In April 2006, Billboard announced that Cris and Curt Kirkwood would be recording again as the Meat Puppets. Curt said the brothers planned to release an epic album of "big Meat Puppets stuff", followed by a tour. The original drummer, Derrick Bostrom, was replaced by drummer Ted Marcus.

"I haven't seen my brother since like 1998, but I'm talking to him a lot," Curt was quoted as saying. "He's [been] clean for more than two years and he's all raring to go. Cris' resurrection is no less than miraculous – it's like a Lazarus-type thing. I was just like, 'If Cris is back, I know his frame of mind.' If he's upright and walking, it's hard to knock him down." Cris appeared on the Meat Puppets' first post-reunion album Rise to Your Knees (2007) and subsequent releases (see Meat Puppets discography).

Kirkwood was extensively interviewed for the 2012 book, Too High to Die: Meet the Meat Puppets, by author Greg Prato.

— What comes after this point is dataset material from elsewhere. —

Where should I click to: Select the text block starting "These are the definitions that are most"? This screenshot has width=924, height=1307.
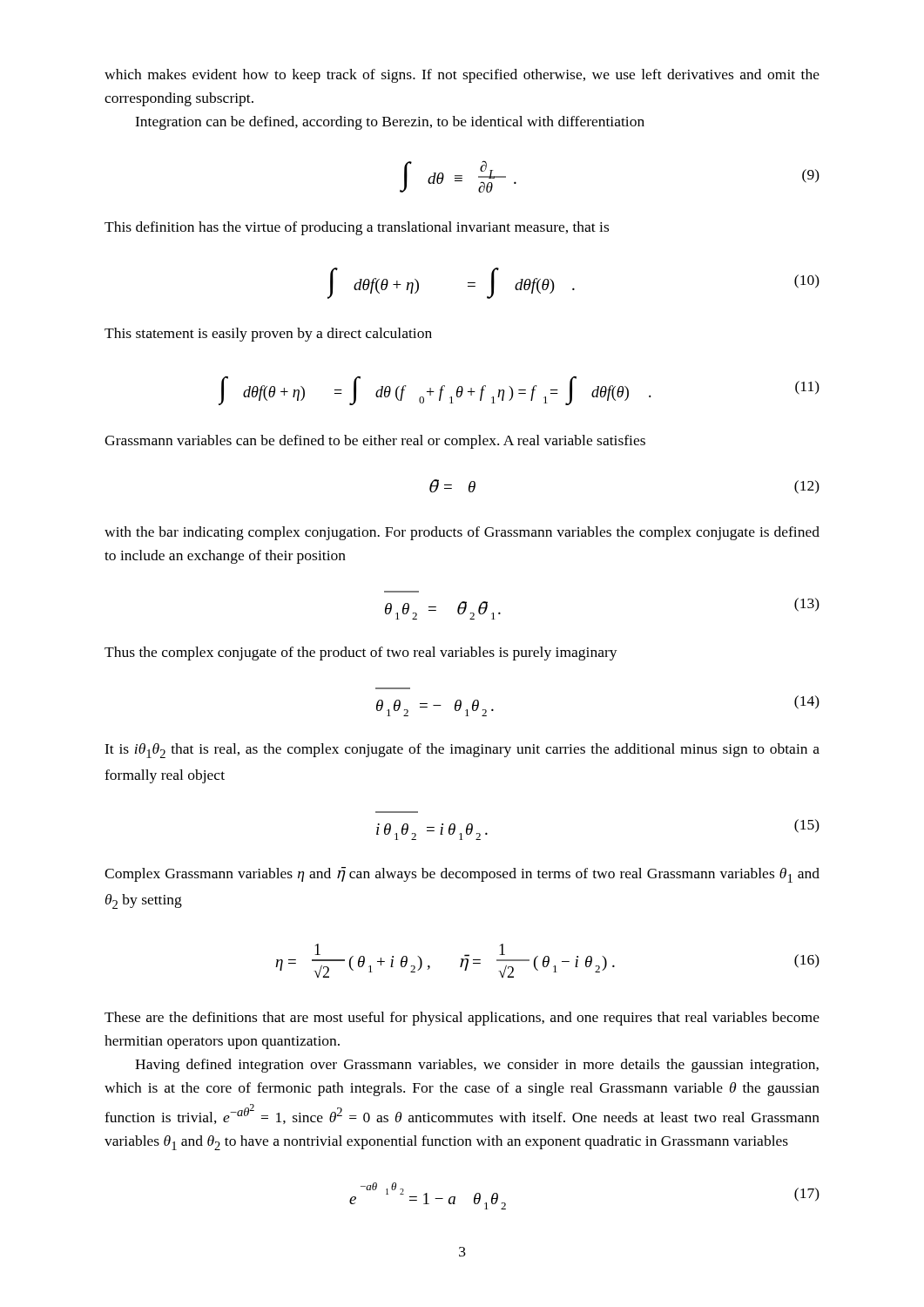click(x=462, y=1029)

In 2015, he launched his own self-titled podcast, The Cris Kirkwood Podcast. On July 10, 2015, Kirkwood appeared on Ken Reid's TV Guidance Counselor Podcast. In 2016, Cris either produced and/or played with the following artists for Slope Records – The Exterminators, the Linecutters, and Sad Kid.

==Personal life==
Kirkwood is a grandson of Carl W. Renstrom, who was owner of Tip-Top Products and a multi-millionaire from Omaha, Nebraska.